▸ **WORK INSTRUCTIONS**
Each line of the data below goes into the copy exactly; pictures do not.

WORKING DATA START

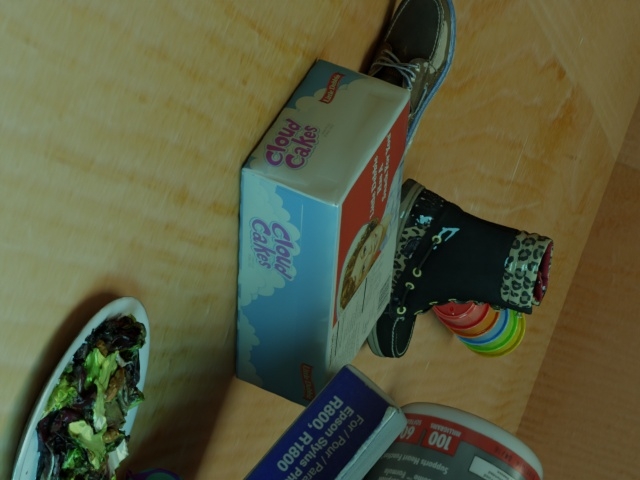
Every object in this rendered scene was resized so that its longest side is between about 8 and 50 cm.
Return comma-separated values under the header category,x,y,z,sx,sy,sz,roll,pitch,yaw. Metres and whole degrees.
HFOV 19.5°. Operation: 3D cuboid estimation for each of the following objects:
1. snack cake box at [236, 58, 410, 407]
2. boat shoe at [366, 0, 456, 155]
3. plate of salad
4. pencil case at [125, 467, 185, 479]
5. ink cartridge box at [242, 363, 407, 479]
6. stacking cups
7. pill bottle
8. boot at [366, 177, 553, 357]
category,x,y,z,sx,sy,sz,roll,pitch,yaw
snack cake box,0.000,0.000,1.577,0.152,0.089,0.264,-55,160,-39
boat shoe,0.074,-0.145,1.699,0.066,0.066,0.183,-26,135,-68
plate of salad,-0.155,0.135,1.270,0.200,0.048,0.199,20,90,-75
pencil case,-0.148,0.229,1.375,0.151,0.070,0.064,-47,159,-57
ink cartridge box,-0.059,0.239,1.466,0.324,0.071,0.330,-49,171,-4
stacking cups,0.207,0.087,2.460,0.316,0.096,0.096,43,67,-73
pill bottle,0.120,0.402,2.312,0.210,0.210,0.363,79,33,-64
boot,0.147,0.058,2.009,0.085,0.179,0.236,-54,158,-47
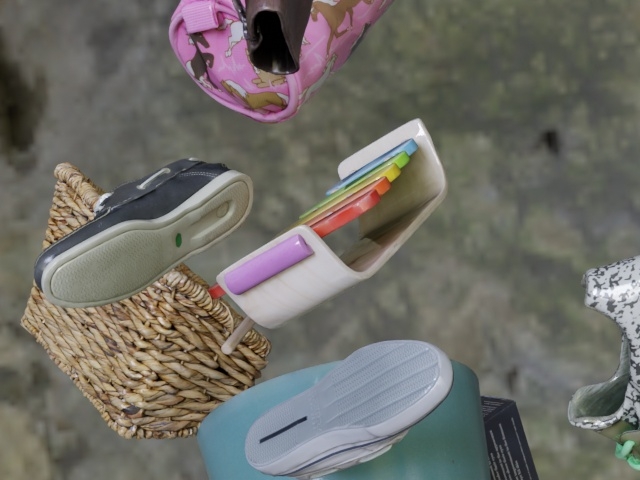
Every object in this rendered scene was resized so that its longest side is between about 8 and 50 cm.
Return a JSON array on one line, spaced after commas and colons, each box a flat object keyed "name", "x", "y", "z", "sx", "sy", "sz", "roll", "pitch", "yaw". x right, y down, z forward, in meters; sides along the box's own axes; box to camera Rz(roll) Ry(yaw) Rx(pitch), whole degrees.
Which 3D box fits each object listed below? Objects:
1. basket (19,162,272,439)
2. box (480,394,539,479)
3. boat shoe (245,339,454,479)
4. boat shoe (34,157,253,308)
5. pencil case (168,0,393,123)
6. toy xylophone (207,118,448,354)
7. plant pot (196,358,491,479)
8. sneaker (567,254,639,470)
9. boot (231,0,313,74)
[{"name": "basket", "x": -0.182, "y": 0.065, "z": 2.298, "sx": 0.299, "sy": 0.213, "sz": 0.223, "roll": 40, "pitch": 120, "yaw": 48}, {"name": "box", "x": 0.147, "y": 0.293, "z": 2.323, "sx": 0.108, "sy": 0.207, "sz": 0.153, "roll": 2, "pitch": 115, "yaw": 50}, {"name": "boat shoe", "x": 0.037, "y": 0.149, "z": 1.712, "sx": 0.076, "sy": 0.226, "sz": 0.083, "roll": 27, "pitch": -128, "yaw": -41}, {"name": "boat shoe", "x": -0.166, "y": -0.009, "z": 1.748, "sx": 0.079, "sy": 0.233, "sz": 0.084, "roll": 33, "pitch": 135, "yaw": 31}, {"name": "pencil case", "x": 0.016, "y": -0.296, "z": 2.017, "sx": 0.386, "sy": 0.160, "sz": 0.167, "roll": -50, "pitch": -7, "yaw": -27}, {"name": "toy xylophone", "x": 0.000, "y": 0.000, "z": 1.918, "sx": 0.081, "sy": 0.236, "sz": 0.322, "roll": 56, "pitch": -156, "yaw": -6}, {"name": "plant pot", "x": 0.039, "y": 0.279, "z": 1.971, "sx": 0.293, "sy": 0.293, "sz": 0.235, "roll": 93, "pitch": 166, "yaw": -66}, {"name": "sneaker", "x": 0.308, "y": 0.153, "z": 1.727, "sx": 0.158, "sy": 0.182, "sz": 0.410, "roll": -87, "pitch": -12, "yaw": -59}, {"name": "boot", "x": -0.021, "y": -0.252, "z": 1.375, "sx": 0.248, "sy": 0.090, "sz": 0.206, "roll": 85, "pitch": -173, "yaw": -68}]
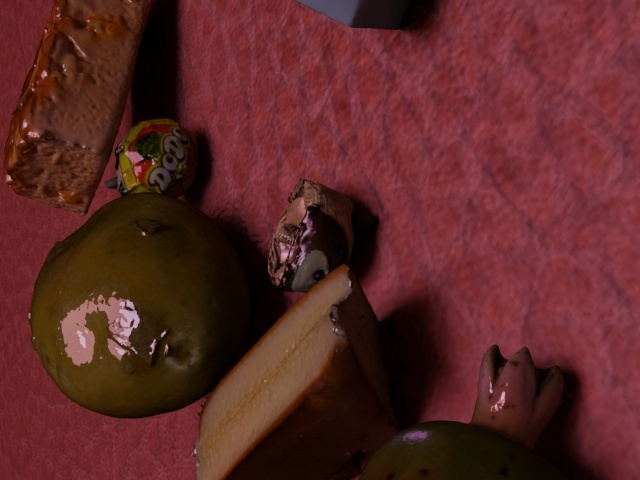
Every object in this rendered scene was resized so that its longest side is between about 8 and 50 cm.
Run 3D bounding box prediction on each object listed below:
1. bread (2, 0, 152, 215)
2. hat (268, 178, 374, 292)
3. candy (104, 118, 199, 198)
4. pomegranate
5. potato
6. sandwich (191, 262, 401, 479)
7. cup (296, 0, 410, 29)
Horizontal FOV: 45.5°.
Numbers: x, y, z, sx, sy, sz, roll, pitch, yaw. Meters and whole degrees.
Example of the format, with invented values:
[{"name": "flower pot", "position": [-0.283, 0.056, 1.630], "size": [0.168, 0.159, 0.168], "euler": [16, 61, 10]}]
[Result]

WORKING DATA END

▸ **THE ANSWER**
Every object in this rendered scene was resized so that its longest side is between about 8 and 50 cm.
Return comma-separated values under the header category,x,y,z,sx,sy,sz,roll,pitch,yaw. Metres and whole degrees.
HFOV 19.5°. Operation: 3D cuboid estimation for each of the following objects:
1. snack cake box at [236, 58, 410, 407]
2. boat shoe at [366, 0, 456, 155]
3. plate of salad
4. pencil case at [125, 467, 185, 479]
5. ink cartridge box at [242, 363, 407, 479]
6. stacking cups
7. pill bottle
8. boot at [366, 177, 553, 357]
category,x,y,z,sx,sy,sz,roll,pitch,yaw
snack cake box,0.000,0.000,1.577,0.152,0.089,0.264,-55,160,-39
boat shoe,0.074,-0.145,1.699,0.066,0.066,0.183,-26,135,-68
plate of salad,-0.155,0.135,1.270,0.200,0.048,0.199,20,90,-75
pencil case,-0.148,0.229,1.375,0.151,0.070,0.064,-47,159,-57
ink cartridge box,-0.059,0.239,1.466,0.324,0.071,0.330,-49,171,-4
stacking cups,0.207,0.087,2.460,0.316,0.096,0.096,43,67,-73
pill bottle,0.120,0.402,2.312,0.210,0.210,0.363,79,33,-64
boot,0.147,0.058,2.009,0.085,0.179,0.236,-54,158,-47
Every object in this rendered scene was resized so that its longest side is between about 8 and 50 cm.
Return a JSON array on one line, spaced after commas and colons, each box a flat object keyed "name", "x", "y", "z", "sx", "sy", "sz", "roll", "pitch", "yaw". x right, y down, z forward, in meters; sides along the box's own axes; box to camera Rz(roll) Ry(yaw) Rx(pitch), whole degrees.
Which 3D box fits each object listed below? Objects:
1. basket (19,162,272,439)
2. box (480,394,539,479)
3. boat shoe (245,339,454,479)
4. boat shoe (34,157,253,308)
5. pencil case (168,0,393,123)
6. toy xylophone (207,118,448,354)
7. plant pot (196,358,491,479)
8. sneaker (567,254,639,470)
9. boot (231,0,313,74)
[{"name": "basket", "x": -0.182, "y": 0.065, "z": 2.298, "sx": 0.299, "sy": 0.213, "sz": 0.223, "roll": 40, "pitch": 120, "yaw": 48}, {"name": "box", "x": 0.147, "y": 0.293, "z": 2.323, "sx": 0.108, "sy": 0.207, "sz": 0.153, "roll": 2, "pitch": 115, "yaw": 50}, {"name": "boat shoe", "x": 0.037, "y": 0.149, "z": 1.712, "sx": 0.076, "sy": 0.226, "sz": 0.083, "roll": 27, "pitch": -128, "yaw": -41}, {"name": "boat shoe", "x": -0.166, "y": -0.009, "z": 1.748, "sx": 0.079, "sy": 0.233, "sz": 0.084, "roll": 33, "pitch": 135, "yaw": 31}, {"name": "pencil case", "x": 0.016, "y": -0.296, "z": 2.017, "sx": 0.386, "sy": 0.160, "sz": 0.167, "roll": -50, "pitch": -7, "yaw": -27}, {"name": "toy xylophone", "x": 0.000, "y": 0.000, "z": 1.918, "sx": 0.081, "sy": 0.236, "sz": 0.322, "roll": 56, "pitch": -156, "yaw": -6}, {"name": "plant pot", "x": 0.039, "y": 0.279, "z": 1.971, "sx": 0.293, "sy": 0.293, "sz": 0.235, "roll": 93, "pitch": 166, "yaw": -66}, {"name": "sneaker", "x": 0.308, "y": 0.153, "z": 1.727, "sx": 0.158, "sy": 0.182, "sz": 0.410, "roll": -87, "pitch": -12, "yaw": -59}, {"name": "boot", "x": -0.021, "y": -0.252, "z": 1.375, "sx": 0.248, "sy": 0.090, "sz": 0.206, "roll": 85, "pitch": -173, "yaw": -68}]
Every object in this rendered scene was resized so that its longest side is between about 8 and 50 cm.
Run 3D bounding box prediction on each object listed below:
1. bread (2, 0, 152, 215)
2. hat (268, 178, 374, 292)
3. candy (104, 118, 199, 198)
4. pomegranate
5. potato
6. sandwich (191, 262, 401, 479)
7. cup (296, 0, 410, 29)
Horizontal FOV: 45.5°.
Numbers: x, y, z, sx, sy, sz, roll, pitch, yaw. Meters and whole degrees.
Example of the format, with invented values:
[{"name": "flower pot", "position": [-0.283, 0.056, 1.630], "size": [0.168, 0.159, 0.168], "euler": [16, 61, 10]}]
[Result]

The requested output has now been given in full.